20 Downright Bizarre Details About the History of Chocolate that We Love to Sink Our Teeth Into

Tim Flight - December 27, 2018

20 Downright Bizarre Details About the History of Chocolate that We Love to Sink Our Teeth Into
Hernán Cortés by José Salomé Pina, Mexico, c.1879. Wikimedia Commons

17. Hernán Cortés was probably the first European to try chocolate

For all his many faults – and, by thunder, there are many – the bloodthirsty conquistador Hernán Cortés (1485-1547) did at least manage one good thing in his lamentable career. For although Columbus encountered cacao beans on his travels and brought some back to Spain, he did not know what they were, beyond their evident value to the locals. Cortés, on the other hand, enjoyed chocolate at the court of Montezuma II (c.1466-1520) in 1519. His companion, Bernal Diaz, later recounted that ‘from time to time they served him [Montezuma] in cups of pure gold a certain drink made from cacao’.
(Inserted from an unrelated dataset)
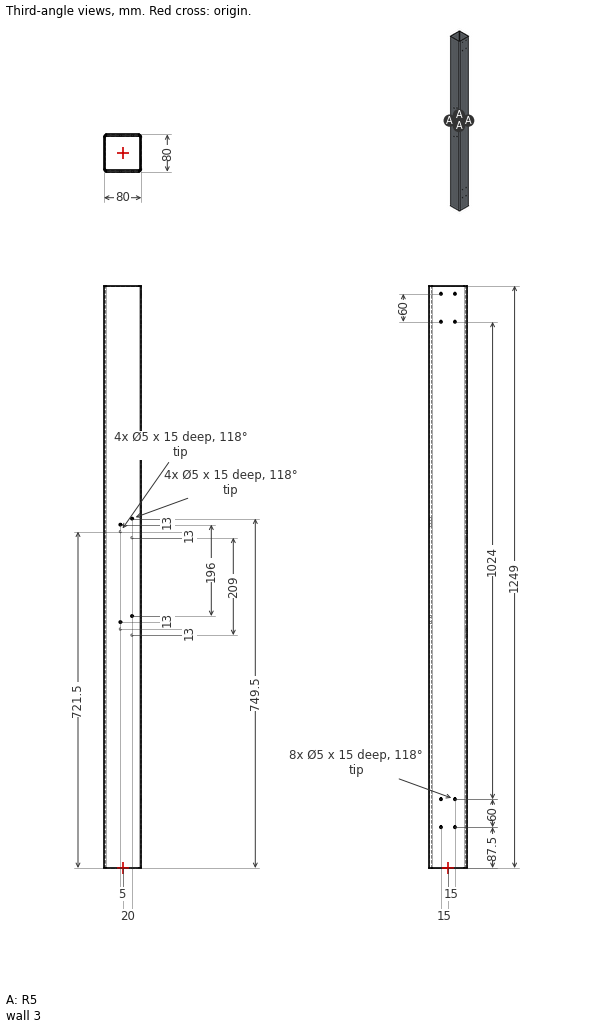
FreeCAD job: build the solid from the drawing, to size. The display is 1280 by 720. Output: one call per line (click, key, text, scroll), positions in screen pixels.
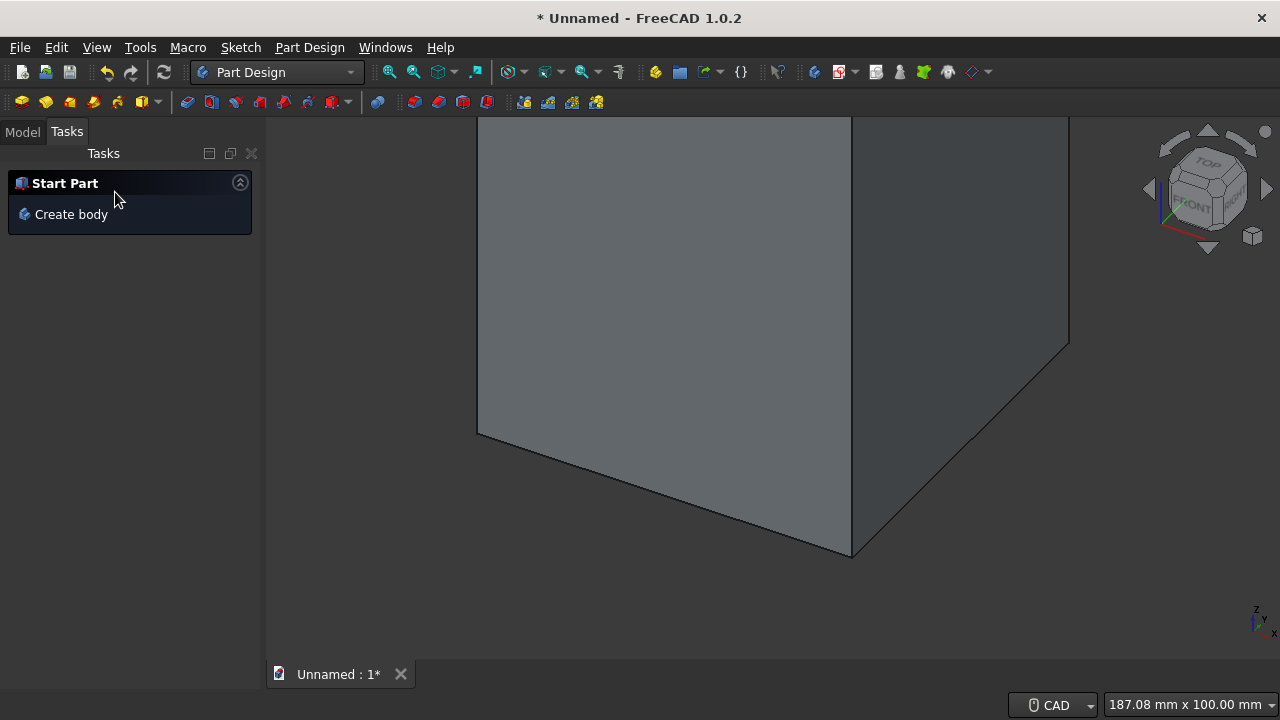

According to legend, Cortés was so impressed by the drink, and the Aztecs’ reverence for the pods, that he took it back to Spain with him. However, according to chocolate historians (now there’s an idea for a Christmas gift!) Sophie D. Coe and Michael D. Coe, ‘there is no credible evidence to support the oft-repeated claim that it was the work of Hernán Cortés’. What is clearer, though, is that Cortés was probably the first European to try the delicious drink, and doubtless his experience with it inspired whoever hauled the beans back to Spain to do so.